Although the names of the 18 insurers cannot be ascertained at the time of writing this report, there are insinuations that the top 10 underwriting firms in the country are involved.
These underwriting firms, it was gathered, already have excess capital above the minimum benchmark and do not necessarily need fresh capital unless they feel the market conditions are right for them to either acquire or attract new investors to consolidate their market share further.
To this end, approximately 42 other insurers, which primarily require capital injections, are in the final stage of obtaining either shareholder approval or regulatory approval.
For instance, SUNU Assurances, Sovereign Trust Insurance (STI) Plc, and Lasaco Assurance Plc, among others, have already secured shareholders’ approval to raise fresh capital, with others planning to approach shareholders soon through an Extraordinary General Meeting (EGM).
Confirming this development at the EY Insurance Summit 2025, over the weekend, the commissioner for Insurance/chief executive officer (CEO), National Insurance Commission (NAICOM), Olusegun Omosehin, said, “Let me say that the industry’s response has been encouraging, with a very significant number of insurers who have indicated their readiness for capital verification.
As we speak, we have about 18 companies that have indicated their readiness for capital verification.”
Omosehin, who was represented by the deputy commissioner, Technical, Dr Usman Jankara, explained that the commission had established a capital verification framework to ensure transparency and credibility.
“We’ve also put in place a capital verification framework, which is aimed at guaranteeing the integrity of the process. To this end, we are partnering with the Big Four audit firms, including EY, for independent verification of compliance with the minimum capital that is required,” he pointed out.
Earlier, Dr.
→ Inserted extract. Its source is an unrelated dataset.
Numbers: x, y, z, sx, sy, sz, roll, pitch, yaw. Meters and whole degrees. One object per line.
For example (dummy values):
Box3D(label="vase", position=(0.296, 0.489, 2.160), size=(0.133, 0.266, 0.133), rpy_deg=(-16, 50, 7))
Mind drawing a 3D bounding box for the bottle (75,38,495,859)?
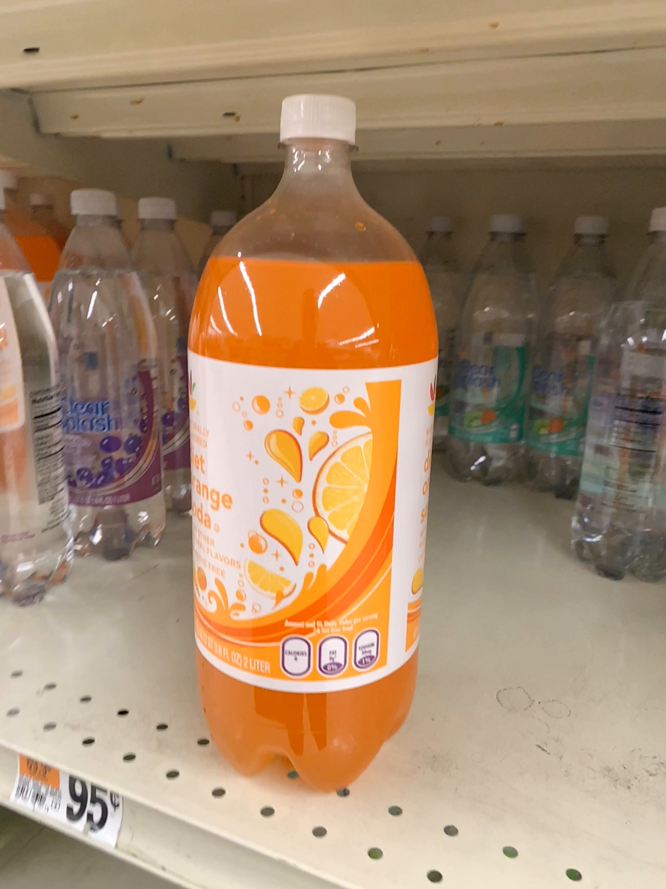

Usman Jankara at the Continental Reinsurance Roundtable held in Lagos, at the weekend, said, “In order to protect the integrity of the recapitalisation exercise, the Commission has resolved to utilise the Big 4 Auditing Firms for the capital verification exercise, in order to leverage on the collective expertise, capacity, experience and reputation, so that every company that is so adjudged as having fulfilled the MCR will be so indeed.”
Recapitalisation, he stressed, is the foundation for growth, not the finish line, adding that, it strengthen solvency and underwriting capacity, thereby, enabling insurers to write bigger tickets and retain more risk locally; build public and investor confidence thus, attracting capital and partnerships, encourage mergers and acquisitions, thereby, fostering scale and operational efficiency and position Nigerian insurers for regional competitiveness, especially under the African Continental Free Trade Area (AfCFTA). Dr Usman noted that NAICOM has also set apparent compliance timelines: 30th September 2025: Submission of recapitalisation plans; 10 working days after month-end: Monthly progress reports; November 2025 – June 2026 for Capital verification, and 30th July 2026 as the final compliance deadline and issuance of a licence to companies that have complied with the MCR.
NAICOM, he said, is ready to facilitate the journey through guidance, engagement, and collaboration, whilst urging every stakeholder to embrace this moment, not as a regulatory burden, but as a strategic opportunity to redefine the industry’s future.
At the earlier summit, Partner and Consulting Leader, West Africa at EY, Ben Afudego,
emphasised the importance of collective action by stakeholders to strengthen the industry.
“The summit became important for stakeholders to discuss what we can do together collectively to push the agenda, to shape the future of insurance confidently, such that we can see the growth that is expected of the sector, and that this can be the catalyst that will actually contribute to our country,” Afudego said.